Na respeitável — embora conceitualmente elástica — cidade de Juridiquinha do Norte, onde a legalidade é sempre “interpretável” e a moralidade depende de maioria simples, instalou-se recentemente um escândalo sem precedentes: um secretário que ousou abrir mão de um benefício só para si.

O episódio começou quando o Secretário Municipal de Negócios Excessivamente Jurídicos, Dr. Ambrósio Retórico de Oliveira Neto, resolveu cometer um verdadeiro atentado à liturgia do cargo: apresentou um projeto de lei propondo deixar de receber pessoalmente os honorários de sucumbência, mantendo-os integralmente destinados aos procuradores do Município.

Não mexia no bolso alheio.

Não alterava direitos adquiridos.

Não tocava na tradição — só na vergonha.

Apenas… abria mão da própria parte.

O projeto foi protocolado sob o singelo nome de Projeto de Lei nº 101 — “Cada Um Com o Seu”, e chegou à Câmara Municipal como quem chega a um velório político: em silêncio, com olhares desconfiados e cochichos nervosos.

A Câmara era presidida pelo imponente Vereador Doutor Florêncio Regimental de Alvarenga, homem de fala firme, expressão grave e profundo compromisso com a estabilidade das vantagens existentes. Ao lado dele, compunham o plenário figuras ilustres da política juridiquinhense, entre elas:

Vereador Zé Parágrafo Único, especialista em votar “não” sem necessidade de explicação;

Vereador Tito Mutação Constitucional, capaz de enxergar inconstitucionalidade até em receita de bolo;

Vereadora Dona Cláusula Pétrea, para quem toda vantagem vigente é, por definição, imexível.

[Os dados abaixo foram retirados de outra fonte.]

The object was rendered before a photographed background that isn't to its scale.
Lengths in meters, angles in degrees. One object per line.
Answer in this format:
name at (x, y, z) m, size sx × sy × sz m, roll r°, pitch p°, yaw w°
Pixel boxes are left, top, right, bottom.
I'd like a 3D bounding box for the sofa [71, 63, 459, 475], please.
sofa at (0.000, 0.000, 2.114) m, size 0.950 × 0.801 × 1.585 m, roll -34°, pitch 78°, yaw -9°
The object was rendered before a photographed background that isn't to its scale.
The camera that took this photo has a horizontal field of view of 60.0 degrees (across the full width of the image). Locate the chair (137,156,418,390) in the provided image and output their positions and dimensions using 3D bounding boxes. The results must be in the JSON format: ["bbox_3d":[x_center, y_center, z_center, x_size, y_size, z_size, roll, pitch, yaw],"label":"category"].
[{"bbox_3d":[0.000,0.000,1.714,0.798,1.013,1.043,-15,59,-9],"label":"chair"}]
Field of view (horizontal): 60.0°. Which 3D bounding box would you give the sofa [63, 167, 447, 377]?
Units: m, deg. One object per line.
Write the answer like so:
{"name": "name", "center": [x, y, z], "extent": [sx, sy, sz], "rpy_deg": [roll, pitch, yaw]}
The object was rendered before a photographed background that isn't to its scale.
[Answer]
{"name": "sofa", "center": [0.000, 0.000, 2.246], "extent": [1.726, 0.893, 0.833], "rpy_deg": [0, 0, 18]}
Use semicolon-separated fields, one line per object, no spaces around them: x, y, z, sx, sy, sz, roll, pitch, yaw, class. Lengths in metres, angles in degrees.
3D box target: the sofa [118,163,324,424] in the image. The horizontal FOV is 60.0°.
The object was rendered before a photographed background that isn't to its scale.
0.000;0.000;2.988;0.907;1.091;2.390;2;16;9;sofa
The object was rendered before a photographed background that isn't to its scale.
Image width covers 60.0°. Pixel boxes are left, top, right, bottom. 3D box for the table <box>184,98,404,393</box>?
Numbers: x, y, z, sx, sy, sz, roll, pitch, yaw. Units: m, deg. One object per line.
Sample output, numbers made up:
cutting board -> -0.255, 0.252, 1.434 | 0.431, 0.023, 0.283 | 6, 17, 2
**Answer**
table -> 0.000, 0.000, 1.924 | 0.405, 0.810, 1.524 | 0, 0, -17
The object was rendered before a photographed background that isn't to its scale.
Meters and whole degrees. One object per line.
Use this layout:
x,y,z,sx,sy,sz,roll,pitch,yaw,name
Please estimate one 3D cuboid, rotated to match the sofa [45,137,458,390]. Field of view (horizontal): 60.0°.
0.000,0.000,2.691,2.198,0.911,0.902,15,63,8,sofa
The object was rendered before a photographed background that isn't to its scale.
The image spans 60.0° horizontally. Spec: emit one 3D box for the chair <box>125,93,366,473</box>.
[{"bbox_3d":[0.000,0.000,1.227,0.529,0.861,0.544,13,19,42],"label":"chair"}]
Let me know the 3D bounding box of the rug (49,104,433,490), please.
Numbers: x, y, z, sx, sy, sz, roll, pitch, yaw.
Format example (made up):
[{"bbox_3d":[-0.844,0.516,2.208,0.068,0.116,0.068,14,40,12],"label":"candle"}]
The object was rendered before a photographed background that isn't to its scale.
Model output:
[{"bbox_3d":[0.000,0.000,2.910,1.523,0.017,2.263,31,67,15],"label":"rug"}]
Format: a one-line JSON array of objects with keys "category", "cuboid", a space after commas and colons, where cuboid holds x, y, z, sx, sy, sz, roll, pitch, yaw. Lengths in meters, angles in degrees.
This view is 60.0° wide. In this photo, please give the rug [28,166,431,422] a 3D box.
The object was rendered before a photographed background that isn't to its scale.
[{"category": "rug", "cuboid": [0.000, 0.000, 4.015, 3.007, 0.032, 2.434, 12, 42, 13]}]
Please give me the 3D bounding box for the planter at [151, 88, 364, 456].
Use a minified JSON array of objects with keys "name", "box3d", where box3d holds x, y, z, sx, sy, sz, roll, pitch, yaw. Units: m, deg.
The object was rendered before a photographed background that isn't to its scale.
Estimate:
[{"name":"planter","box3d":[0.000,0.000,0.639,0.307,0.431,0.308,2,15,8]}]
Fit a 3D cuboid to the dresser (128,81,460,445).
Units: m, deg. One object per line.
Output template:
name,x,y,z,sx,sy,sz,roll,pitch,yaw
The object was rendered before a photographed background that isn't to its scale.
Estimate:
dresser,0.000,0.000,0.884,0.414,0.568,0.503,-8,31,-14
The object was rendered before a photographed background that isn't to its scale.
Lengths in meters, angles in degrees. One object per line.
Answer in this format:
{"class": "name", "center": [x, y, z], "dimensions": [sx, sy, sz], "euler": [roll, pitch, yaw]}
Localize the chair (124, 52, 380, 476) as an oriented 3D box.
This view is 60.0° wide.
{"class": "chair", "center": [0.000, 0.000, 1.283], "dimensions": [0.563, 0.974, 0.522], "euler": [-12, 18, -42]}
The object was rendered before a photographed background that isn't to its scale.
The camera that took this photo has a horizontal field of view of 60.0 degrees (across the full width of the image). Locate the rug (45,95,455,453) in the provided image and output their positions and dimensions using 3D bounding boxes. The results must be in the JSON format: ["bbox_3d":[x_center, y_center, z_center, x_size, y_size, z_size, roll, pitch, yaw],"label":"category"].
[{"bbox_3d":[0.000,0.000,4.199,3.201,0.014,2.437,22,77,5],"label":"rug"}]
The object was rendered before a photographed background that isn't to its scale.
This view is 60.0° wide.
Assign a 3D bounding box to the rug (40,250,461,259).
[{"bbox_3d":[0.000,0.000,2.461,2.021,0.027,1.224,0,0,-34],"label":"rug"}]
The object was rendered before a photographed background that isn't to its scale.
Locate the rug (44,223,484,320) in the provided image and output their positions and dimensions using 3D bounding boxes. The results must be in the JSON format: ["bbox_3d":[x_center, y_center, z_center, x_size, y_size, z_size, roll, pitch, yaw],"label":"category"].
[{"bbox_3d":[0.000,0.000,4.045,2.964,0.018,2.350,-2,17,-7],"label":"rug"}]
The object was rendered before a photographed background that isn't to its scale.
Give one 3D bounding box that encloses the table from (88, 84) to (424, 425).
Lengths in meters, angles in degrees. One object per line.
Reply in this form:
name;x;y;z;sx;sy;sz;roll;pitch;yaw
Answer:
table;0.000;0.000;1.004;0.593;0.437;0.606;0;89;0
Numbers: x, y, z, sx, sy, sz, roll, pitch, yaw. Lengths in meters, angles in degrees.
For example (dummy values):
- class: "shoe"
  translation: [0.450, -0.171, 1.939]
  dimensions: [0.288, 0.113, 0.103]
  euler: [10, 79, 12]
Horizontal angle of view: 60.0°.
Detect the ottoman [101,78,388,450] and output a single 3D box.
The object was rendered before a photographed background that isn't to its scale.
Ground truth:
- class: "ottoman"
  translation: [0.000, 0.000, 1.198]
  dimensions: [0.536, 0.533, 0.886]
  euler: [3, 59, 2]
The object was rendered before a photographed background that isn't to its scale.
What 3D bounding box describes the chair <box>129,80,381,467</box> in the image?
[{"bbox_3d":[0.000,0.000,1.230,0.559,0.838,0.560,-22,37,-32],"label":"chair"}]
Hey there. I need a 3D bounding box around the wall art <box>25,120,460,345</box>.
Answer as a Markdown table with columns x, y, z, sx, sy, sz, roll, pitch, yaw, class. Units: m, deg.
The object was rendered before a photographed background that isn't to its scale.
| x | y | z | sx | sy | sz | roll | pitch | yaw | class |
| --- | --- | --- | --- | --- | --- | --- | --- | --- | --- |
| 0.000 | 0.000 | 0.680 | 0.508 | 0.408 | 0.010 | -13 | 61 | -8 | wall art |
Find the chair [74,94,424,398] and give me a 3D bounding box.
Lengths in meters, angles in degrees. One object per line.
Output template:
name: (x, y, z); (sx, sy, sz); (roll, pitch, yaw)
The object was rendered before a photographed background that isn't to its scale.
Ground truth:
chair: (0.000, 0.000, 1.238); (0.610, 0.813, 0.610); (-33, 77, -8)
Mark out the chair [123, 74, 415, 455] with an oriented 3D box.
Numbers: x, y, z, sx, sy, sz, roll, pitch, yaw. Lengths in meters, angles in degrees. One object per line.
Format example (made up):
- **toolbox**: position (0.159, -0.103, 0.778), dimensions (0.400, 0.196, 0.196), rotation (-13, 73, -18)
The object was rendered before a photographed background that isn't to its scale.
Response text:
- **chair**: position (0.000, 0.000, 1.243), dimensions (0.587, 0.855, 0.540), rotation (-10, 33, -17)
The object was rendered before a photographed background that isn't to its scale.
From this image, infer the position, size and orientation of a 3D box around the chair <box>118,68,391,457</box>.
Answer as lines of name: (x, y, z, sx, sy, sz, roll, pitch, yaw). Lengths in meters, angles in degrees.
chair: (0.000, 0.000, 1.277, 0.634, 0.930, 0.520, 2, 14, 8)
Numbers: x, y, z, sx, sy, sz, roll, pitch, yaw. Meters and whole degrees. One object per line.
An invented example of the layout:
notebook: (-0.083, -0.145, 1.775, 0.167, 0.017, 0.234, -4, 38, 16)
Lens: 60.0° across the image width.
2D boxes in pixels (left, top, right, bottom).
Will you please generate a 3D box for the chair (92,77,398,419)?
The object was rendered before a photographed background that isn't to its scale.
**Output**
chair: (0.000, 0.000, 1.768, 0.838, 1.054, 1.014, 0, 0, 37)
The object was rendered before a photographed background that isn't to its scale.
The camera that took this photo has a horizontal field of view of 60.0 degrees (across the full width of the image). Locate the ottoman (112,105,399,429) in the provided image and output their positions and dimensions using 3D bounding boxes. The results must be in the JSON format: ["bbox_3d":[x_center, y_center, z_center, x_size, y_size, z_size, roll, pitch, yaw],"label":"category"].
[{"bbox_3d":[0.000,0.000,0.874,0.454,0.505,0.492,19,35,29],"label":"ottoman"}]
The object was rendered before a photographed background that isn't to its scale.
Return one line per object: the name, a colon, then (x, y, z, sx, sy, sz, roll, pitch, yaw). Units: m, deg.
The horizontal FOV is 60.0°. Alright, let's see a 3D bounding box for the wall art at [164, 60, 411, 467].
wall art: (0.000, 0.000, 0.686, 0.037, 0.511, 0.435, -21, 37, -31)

Ao ouvir a leitura do projeto, o presidente da Casa interrompeu a sessão por três minutos — oficialmente para “organização dos trabalhos”, extraoficialmente para entender onde exatamente estava o problema, já que o dinheiro continuaria indo para quem sempre foi.

— Senhores vereadores, retomou Florêncio,

— precisamos ter cautela. Hoje é o secretário que abre mão. Amanhã, quem sabe, pode ser outro.

O plenário compreendeu imediatamente o risco institucional.

Dr. Ambrósio tentou esclarecer:

— Excelências, não estou retirando direito algum dos procuradores. Apenas entendo que, no meu cargo político-administrativo, não é adequado receber honorários judiciais.

A reação foi imediata.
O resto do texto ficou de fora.